What to work on: Look through the records below and state how many lines carry the string "units", adding nothing.

Task data:
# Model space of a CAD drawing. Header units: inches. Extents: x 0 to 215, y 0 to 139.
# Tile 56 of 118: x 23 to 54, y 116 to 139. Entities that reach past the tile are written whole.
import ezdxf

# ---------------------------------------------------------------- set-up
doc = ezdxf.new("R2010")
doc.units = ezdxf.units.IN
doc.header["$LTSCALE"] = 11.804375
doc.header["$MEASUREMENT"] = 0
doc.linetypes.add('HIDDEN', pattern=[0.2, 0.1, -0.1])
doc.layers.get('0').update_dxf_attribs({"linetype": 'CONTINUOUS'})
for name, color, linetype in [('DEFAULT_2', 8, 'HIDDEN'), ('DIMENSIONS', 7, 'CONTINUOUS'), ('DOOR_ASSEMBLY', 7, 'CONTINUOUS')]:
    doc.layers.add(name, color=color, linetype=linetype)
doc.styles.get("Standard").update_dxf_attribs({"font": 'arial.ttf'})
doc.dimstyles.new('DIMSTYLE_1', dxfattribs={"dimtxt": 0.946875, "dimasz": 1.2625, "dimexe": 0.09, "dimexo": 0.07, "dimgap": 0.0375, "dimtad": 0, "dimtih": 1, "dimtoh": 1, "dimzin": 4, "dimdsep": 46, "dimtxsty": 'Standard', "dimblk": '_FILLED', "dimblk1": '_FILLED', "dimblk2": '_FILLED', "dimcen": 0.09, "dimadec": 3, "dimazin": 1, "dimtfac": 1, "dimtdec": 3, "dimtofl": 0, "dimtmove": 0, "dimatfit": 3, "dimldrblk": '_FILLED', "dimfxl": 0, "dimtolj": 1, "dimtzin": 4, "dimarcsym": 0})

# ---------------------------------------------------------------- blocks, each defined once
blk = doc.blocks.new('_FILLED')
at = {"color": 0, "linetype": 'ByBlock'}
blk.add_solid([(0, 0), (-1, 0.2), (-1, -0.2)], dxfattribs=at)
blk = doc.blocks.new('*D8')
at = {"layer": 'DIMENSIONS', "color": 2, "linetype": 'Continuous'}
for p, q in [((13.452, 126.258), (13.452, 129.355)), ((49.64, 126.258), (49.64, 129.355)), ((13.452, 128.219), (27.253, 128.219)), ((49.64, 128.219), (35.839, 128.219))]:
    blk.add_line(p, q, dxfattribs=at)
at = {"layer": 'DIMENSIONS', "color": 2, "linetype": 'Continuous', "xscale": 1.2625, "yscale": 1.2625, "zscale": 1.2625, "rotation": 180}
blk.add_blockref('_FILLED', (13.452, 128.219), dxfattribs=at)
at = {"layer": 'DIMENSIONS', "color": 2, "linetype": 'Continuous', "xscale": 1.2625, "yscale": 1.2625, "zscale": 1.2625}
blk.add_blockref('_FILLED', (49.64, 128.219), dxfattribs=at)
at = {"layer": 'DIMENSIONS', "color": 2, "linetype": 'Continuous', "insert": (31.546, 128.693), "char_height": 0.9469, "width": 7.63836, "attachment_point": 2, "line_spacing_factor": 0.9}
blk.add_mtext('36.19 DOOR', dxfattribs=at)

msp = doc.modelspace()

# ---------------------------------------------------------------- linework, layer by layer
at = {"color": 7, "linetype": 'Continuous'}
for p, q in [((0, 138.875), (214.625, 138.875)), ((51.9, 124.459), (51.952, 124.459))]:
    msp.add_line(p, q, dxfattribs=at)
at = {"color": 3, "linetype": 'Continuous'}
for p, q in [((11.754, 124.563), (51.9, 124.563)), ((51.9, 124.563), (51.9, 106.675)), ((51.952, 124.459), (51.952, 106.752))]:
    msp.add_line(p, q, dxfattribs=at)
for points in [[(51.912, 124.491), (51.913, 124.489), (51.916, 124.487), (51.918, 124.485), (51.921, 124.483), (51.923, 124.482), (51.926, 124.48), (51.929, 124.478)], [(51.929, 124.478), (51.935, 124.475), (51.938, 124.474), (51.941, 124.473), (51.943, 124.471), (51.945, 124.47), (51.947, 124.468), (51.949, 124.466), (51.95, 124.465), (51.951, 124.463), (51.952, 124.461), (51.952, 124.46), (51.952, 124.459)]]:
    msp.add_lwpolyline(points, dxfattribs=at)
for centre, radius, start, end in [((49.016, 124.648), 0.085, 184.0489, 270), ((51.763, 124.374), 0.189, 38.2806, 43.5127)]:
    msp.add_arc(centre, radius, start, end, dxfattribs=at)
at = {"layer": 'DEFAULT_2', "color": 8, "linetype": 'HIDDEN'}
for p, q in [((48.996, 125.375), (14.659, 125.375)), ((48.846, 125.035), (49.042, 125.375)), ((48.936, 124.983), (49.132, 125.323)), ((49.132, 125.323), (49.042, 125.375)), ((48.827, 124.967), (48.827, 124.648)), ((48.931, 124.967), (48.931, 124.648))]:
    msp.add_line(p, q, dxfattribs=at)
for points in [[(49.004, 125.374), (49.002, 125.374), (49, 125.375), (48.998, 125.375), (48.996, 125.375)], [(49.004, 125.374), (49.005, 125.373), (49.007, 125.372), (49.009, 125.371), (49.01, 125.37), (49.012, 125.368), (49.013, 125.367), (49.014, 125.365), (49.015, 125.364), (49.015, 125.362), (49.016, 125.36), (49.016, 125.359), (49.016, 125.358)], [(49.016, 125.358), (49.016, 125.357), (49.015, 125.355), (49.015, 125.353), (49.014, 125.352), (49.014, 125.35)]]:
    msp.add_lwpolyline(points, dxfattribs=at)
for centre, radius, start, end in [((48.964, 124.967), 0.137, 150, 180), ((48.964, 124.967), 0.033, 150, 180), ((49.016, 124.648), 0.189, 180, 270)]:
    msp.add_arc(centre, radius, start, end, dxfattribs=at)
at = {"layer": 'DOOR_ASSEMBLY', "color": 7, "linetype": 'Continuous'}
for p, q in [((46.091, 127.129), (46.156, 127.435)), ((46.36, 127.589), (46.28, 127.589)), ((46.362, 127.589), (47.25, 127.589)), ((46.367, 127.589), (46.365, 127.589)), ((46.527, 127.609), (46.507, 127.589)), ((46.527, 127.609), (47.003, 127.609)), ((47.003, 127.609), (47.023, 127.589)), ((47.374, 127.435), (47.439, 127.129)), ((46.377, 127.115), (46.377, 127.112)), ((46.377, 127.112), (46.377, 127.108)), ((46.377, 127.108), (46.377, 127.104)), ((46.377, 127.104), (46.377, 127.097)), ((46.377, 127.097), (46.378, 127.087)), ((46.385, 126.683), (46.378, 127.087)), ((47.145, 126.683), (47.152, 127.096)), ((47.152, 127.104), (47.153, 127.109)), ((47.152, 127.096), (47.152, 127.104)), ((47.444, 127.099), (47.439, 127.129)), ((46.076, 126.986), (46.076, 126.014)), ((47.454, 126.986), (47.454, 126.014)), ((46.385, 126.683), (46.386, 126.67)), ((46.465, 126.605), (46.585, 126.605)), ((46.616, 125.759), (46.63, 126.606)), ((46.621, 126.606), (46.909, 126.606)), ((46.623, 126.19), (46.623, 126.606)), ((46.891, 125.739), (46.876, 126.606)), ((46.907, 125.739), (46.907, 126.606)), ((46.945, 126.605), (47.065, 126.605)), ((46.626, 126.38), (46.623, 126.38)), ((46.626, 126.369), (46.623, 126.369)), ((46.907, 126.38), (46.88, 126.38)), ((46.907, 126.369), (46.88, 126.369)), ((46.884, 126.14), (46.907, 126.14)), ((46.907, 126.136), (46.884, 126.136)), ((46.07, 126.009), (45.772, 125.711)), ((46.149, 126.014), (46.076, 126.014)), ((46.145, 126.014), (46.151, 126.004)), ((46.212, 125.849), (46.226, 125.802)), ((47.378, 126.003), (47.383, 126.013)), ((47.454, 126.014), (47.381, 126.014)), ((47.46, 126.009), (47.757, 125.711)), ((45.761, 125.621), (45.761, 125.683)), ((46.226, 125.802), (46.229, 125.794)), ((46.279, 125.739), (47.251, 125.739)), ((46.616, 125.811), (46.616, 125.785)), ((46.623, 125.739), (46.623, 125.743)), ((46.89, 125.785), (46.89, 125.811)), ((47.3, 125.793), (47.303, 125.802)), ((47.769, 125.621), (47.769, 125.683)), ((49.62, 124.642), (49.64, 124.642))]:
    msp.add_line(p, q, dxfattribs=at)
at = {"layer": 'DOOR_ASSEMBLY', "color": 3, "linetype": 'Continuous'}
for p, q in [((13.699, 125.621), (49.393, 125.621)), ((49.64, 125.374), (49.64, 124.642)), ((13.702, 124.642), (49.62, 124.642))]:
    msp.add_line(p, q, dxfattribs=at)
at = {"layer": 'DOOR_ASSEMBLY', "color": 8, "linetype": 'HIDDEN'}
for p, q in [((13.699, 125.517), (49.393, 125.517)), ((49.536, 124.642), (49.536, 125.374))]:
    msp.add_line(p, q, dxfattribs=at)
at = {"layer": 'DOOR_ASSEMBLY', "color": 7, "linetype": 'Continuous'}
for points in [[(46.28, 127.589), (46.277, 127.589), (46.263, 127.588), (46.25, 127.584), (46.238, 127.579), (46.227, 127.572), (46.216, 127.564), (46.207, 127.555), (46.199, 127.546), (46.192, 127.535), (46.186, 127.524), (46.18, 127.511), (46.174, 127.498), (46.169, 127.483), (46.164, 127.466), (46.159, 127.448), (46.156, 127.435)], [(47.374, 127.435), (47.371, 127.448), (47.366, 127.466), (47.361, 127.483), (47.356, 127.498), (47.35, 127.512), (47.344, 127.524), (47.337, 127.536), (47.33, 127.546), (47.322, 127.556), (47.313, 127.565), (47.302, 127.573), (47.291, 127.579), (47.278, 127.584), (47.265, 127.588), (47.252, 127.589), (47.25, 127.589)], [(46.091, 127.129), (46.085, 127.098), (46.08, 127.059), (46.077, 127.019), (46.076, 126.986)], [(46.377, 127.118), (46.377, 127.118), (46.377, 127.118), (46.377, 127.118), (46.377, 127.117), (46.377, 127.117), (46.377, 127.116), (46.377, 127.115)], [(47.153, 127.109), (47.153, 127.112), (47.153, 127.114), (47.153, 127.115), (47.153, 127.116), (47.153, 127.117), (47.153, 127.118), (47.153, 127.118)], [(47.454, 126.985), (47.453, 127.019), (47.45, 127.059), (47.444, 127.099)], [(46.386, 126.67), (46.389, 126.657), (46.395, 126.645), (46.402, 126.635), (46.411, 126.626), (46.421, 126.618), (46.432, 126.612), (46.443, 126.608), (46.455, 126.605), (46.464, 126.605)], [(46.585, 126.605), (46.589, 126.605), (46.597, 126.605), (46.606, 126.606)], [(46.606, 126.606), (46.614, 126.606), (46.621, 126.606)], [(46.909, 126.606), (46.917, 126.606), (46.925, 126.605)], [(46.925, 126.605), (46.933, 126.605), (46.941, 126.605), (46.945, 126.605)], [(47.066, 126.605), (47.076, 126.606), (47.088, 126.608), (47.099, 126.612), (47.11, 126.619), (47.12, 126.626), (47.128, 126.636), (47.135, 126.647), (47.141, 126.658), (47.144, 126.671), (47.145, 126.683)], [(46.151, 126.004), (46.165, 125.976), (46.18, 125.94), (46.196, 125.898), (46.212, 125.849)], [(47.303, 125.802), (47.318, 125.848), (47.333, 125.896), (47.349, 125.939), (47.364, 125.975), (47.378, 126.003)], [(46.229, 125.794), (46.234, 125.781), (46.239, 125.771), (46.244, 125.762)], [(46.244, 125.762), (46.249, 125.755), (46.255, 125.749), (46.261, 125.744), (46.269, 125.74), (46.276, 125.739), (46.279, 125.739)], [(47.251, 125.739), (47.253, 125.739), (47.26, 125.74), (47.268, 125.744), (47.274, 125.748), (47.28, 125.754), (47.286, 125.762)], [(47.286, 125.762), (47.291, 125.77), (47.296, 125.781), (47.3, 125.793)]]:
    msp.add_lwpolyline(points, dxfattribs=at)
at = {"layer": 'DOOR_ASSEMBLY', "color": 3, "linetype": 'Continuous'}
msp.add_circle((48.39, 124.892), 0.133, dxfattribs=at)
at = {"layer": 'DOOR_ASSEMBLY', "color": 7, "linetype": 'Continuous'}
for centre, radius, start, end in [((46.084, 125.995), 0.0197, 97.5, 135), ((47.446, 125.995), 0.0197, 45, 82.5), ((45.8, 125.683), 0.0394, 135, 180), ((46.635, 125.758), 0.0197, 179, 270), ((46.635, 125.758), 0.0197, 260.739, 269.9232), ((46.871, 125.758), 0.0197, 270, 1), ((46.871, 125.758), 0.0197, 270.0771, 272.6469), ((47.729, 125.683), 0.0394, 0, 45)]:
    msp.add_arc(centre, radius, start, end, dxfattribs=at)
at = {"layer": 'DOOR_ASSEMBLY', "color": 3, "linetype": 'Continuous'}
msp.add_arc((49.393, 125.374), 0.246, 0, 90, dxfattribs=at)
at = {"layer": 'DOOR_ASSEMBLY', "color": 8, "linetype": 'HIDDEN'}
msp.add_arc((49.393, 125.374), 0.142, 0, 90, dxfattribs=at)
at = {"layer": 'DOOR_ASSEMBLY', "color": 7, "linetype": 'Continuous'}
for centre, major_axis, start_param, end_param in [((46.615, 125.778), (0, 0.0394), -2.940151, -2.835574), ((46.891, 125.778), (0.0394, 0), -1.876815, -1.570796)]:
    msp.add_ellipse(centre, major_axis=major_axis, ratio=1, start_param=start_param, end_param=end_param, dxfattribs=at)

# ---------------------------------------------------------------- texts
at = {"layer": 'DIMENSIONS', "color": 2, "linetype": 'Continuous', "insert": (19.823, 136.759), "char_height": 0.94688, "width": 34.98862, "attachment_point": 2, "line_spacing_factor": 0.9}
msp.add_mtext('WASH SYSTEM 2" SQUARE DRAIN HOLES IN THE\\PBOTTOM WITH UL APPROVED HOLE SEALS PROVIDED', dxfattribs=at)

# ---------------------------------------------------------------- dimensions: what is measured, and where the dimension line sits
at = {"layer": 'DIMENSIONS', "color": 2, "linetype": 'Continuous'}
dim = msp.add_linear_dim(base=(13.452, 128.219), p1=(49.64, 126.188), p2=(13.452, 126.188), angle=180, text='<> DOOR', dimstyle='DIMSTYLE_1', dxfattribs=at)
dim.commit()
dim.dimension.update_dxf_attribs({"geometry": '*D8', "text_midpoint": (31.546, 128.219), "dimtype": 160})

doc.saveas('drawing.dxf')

Task response: 2